Reporter: Tri Agustini | Editor: Bambang Irawan
SAMARINDA — Para pengunjung Car Free Day (CFD) dan Car Free Night (CFN) diimbau untuk membawa tas belanja mandiri saat beraktivitas di kawasan tersebut. Seruan ini sebagai upaya mendorong pengurangan penggunaan kantong plastik di Kota Samarinda.
Kepala Dinas Perhubungan (Dishub) Samarinda, Hotmarulitua Manalu mengatakan, kebijakan itu menjadi bagian dari upaya menekan produksi sampah plastik sejak dari sumbernya.
“Ini bukan hanya kawasan bebas asap kendaraan, tapi juga tempat rekreasi, olahraga, dan interaksi sosial. Ke depan masyarakat yang membeli jajanan UMKM tidak lagi diberikan kantong plastik,” kata Manalu.
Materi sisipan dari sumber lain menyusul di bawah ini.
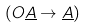Convert formula to latex. <formula><loc_0><loc_0><loc_500><loc_500>( O \underline { A } \rightarrow \underline { A } )</formula> 
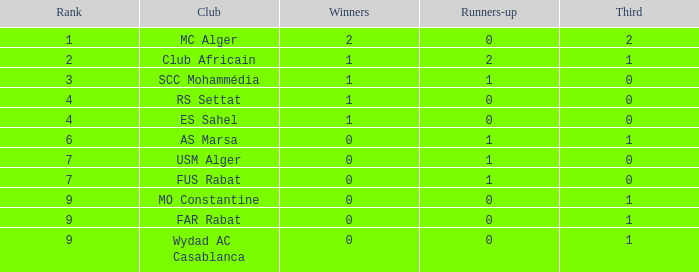What rank has a third of 2 and winners with values less than 2? None. 
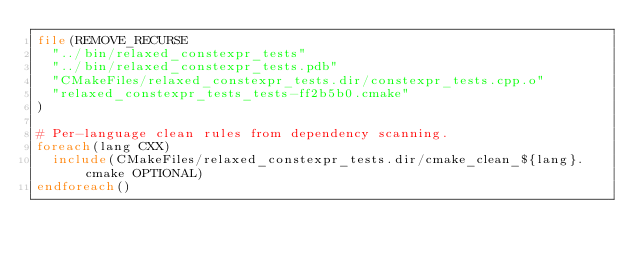Convert code to text. <code><loc_0><loc_0><loc_500><loc_500><_CMake_>file(REMOVE_RECURSE
  "../bin/relaxed_constexpr_tests"
  "../bin/relaxed_constexpr_tests.pdb"
  "CMakeFiles/relaxed_constexpr_tests.dir/constexpr_tests.cpp.o"
  "relaxed_constexpr_tests_tests-ff2b5b0.cmake"
)

# Per-language clean rules from dependency scanning.
foreach(lang CXX)
  include(CMakeFiles/relaxed_constexpr_tests.dir/cmake_clean_${lang}.cmake OPTIONAL)
endforeach()
</code> 
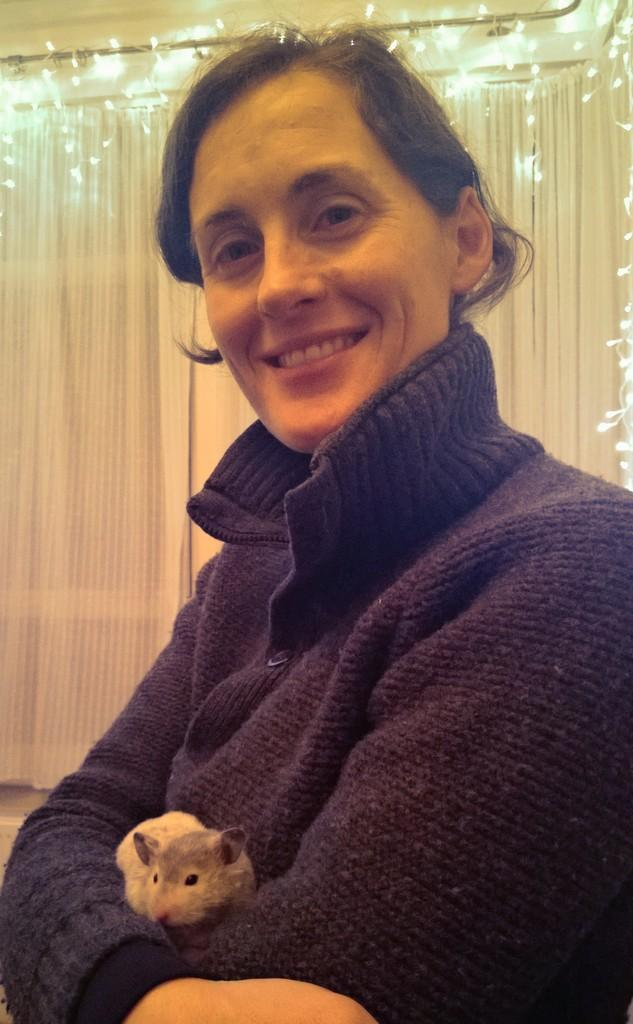Who is present in the image? There is a woman in the image. What is the woman wearing? The woman is wearing a sweater. What is the woman holding in her hands? The woman is holding a rat in her hands. What can be seen in the background of the image? There is a white color curtain and lights visible in the background. What object is present in the background that supports the curtain? There is a rod in the background. What type of plastic beam can be seen supporting the station in the image? There is no station or plastic beam present in the image. 
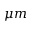Convert formula to latex. <formula><loc_0><loc_0><loc_500><loc_500>\mu m</formula>

Pengunjung diharapkan membawa handbag atau tas sendiri saat datang ke kawasan CFD maupun CFN. Jika tidak membawa, pedagang UMKM nantinya dapat menyediakan tas berbayar sebagai alternatif.
Langkah ini, kata dia, merupakan bagian dari program pengurangan sampah plastik yang saat ini mulai diterapkan secara bertahap di Samarinda.
“Kita ingin mengurangi sampah plastik dari hulunya, bukan nanti saat sudah sampai di TPS atau TPA baru ditangani,” jelasnya.
Dishub Samarinda juga telah berkoordinasi dengan para pelaku UMKM terkait rencana tersebut. Bahkan, penggunaan botol plastik sekali pakai juga mulai dibatasi dalam kegiatan CFD dan CFN.
Namun, penggunaan kemasan ramah lingkungan masih menghadapi kendala distribusi. Beberapa jenis kemasan alternatif saat ini masih harus didatangkan dari luar daerah.
“Informasinya kemasan model kardus seperti produk makanan itu belum diproduksi di Samarinda, jadi masih ambil dari Jawa,” bebernya.
Meski begitu, ia berharap kebijakan ini menjadi langkah awal yang besar terhadap pengurangan produksi sampah plastik di Samarinda.
Manalu menegaskan, kebijakan pengurangan kantong plastik ini nantinya tidak hanya berlaku di CFN Jalan Kusuma Bangsa, tetapi juga seluruh kawasan CFD di Kota Samarinda.